When we got home, we simply placed her on the kitchen floor and began prepping dinner. While we chopped vegetables and set the table, Kitty roamed her new home — probably searching for a litter box and panicking over what she had gotten herself into. It was my Dad, always the voice of reason in these situations, who suggested that maybe we get on that, when I called him at the office to fill him in on every detail about my new cat whom he’d be meeting in about ten minutes. While his steak sizzled in the broiler, we got the litter set up in my bedroom and then searched the house. After retrieving Kitty from behind the toilet, where she was surely trying to figure out how she could make that fixture work for her, I gently placed her in the little box. She immediately christened it while looking up at me in mute appreciation.

We hadn’t bought any dishes, so my Mom poured a lifetime supply of cat food into a soup bowl, and when she didn’t come padding right over decided to give her a little side dish of milk, as well. It’s a wonder this cat survived her first night. Since she was mine, Kitty slept with me and my Dad insisted that the door had to be shut, in case her thundering paws woke him during the night. She slept above my head, and then scratched my exposed arm till it bled to wake me the following morning. For some reason, this setup was never reconsidered.

My Mom decided to work from home that day so she could stay with my new pet, while I was at school. Upon returning that afternoon, I found them sitting at the table — enveloped in each other’s arms, both looking blissful and a little guilty. Apparently, while I had been surviving another day of grade school, Kitty had peed on the bed and when my Mom sternly placed her in the litter box, she cooperated while gazing up at her.

“And that was it,” is how she dreamily wraps up this story, everytime. It’s a story I have heard so often, I can now lip sync along with her monologue. She thinks of this pivotal bonding as the defining moment in their love story. A Jerry McGuire shoplifting the p….y. moment if I ever heard one, I feel, is much more fitting. Their bond remains untouched to this day. She speaks rhapsodically of this traitorous little feline, who continued to sleep in my room and wake me with her morning ritual for years. For Kitty, she endured a bronchial cough for decades. For Kitty, she kept a picture on her bedside table long after the fact. Not of her only child, but the cat! And how does she compare our levels of love for our animals? For Kitty, she would have given a kidney.
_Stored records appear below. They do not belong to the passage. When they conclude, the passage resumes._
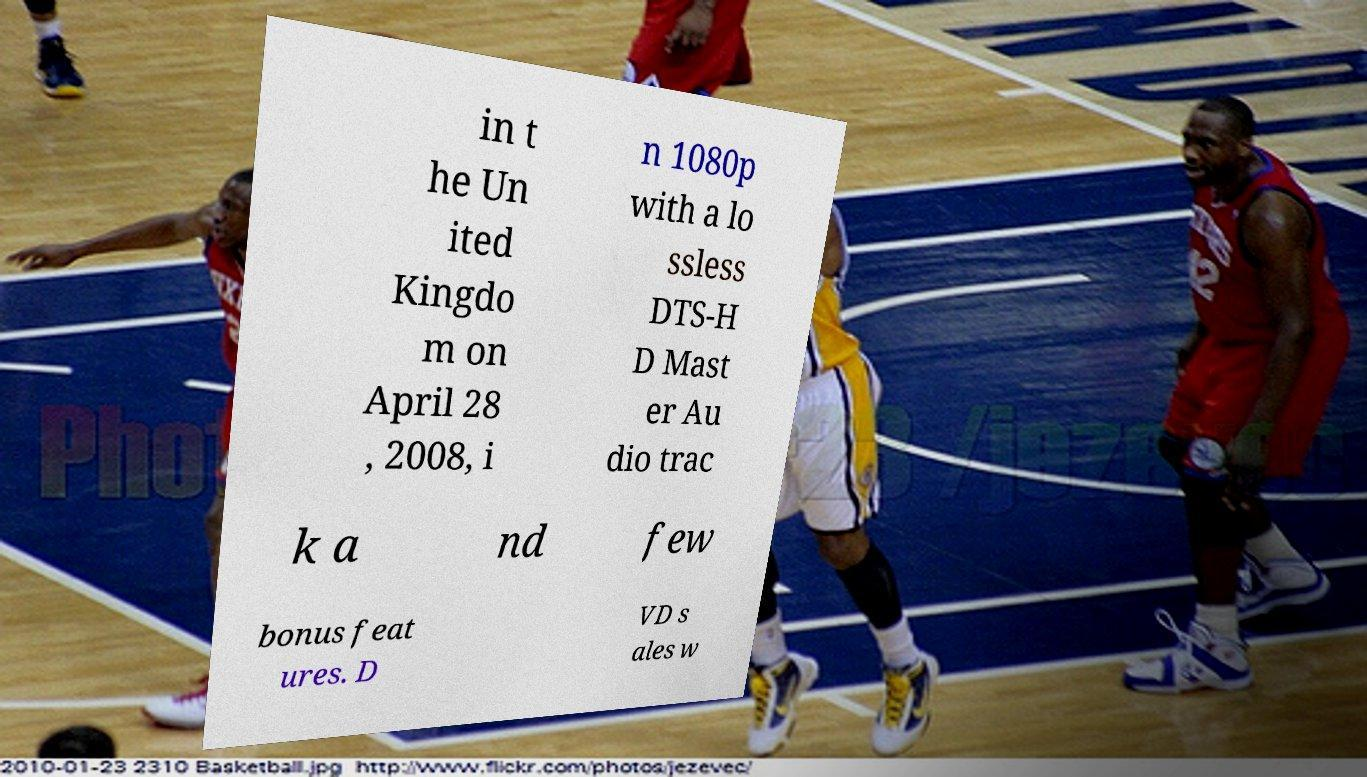I need the written content from this picture converted into text. Can you do that? in t he Un ited Kingdo m on April 28 , 2008, i n 1080p with a lo ssless DTS-H D Mast er Au dio trac k a nd few bonus feat ures. D VD s ales w 
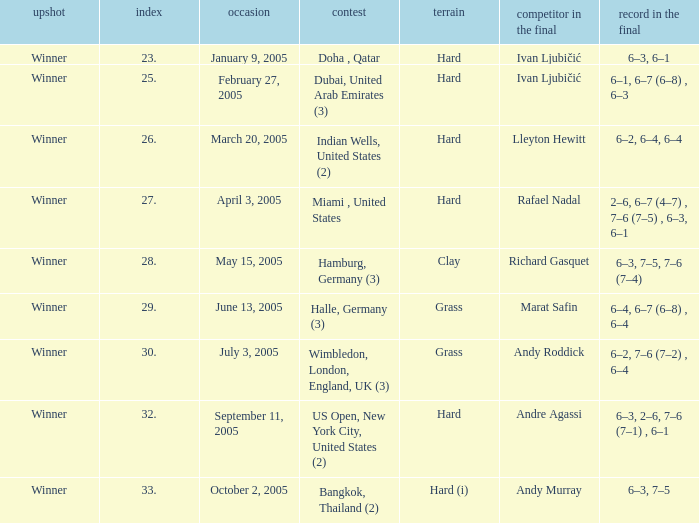In the championship Indian Wells, United States (2), who are the opponents in the final? Lleyton Hewitt. 
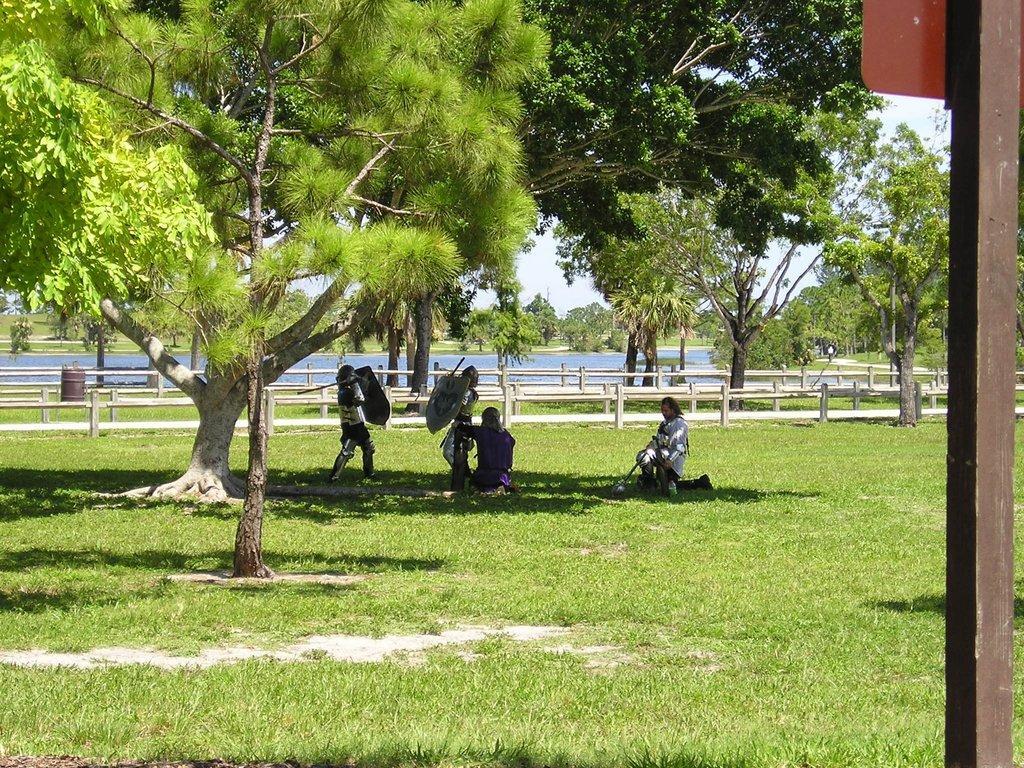Please provide a concise description of this image. In this picture we can see some trees and grass, we can see a few people are sitting on the grass.

“You would never do that,” she tells me, and you know, I can’t argue the point. While I have loved Kitty, Annie, Sam, Psycho, Rusty, Utah, Fridgie, Pancho, Kung Pao, Velcro, Chloe, Mocha and Missy, an organ donation has just never crossed my mind.

“This is your standard of love for a cat, Mom?”

“Yes. I think you like your animals, but I don’t think you love them.”

“Mom, I think giving your kidney to a cat takes love to a whole new level.”

“Maybe, so. Oh, but I loved that cat.” Her voice is growing watery now.

“Yes, Mom, we know!”

“She’ll be waiting for me on the other side!”

I’m lip syncing. “Whatever you say.”

“See,” she tells me. “You don’t love your animals, because you don’t think they’ll be waiting on the other side.”

“So, now I have to give a kidney and visit with one of my dead cats as soon as I get over there?”

“Yes. Otherwise, you don’t love them, Bec.”

“I think I’m going to reserve my kidneys for my kids. And if Kitty happens to be there to greet me, I’ll let her know you’re looking for her.”

“Oh, she’ll be with me.”

“So, you can both be there to greet me…Right?”

There’s a pause, and I know she’s weighing her options. Share sacred time with Kitty? “We’ll see.”

We wrap up our daily conversation and I feed my trio of cats who, having gotten an earful, will now have to go to feline therapy to process their owner’s selfish desire to reserve all her organs for the ones she loves best.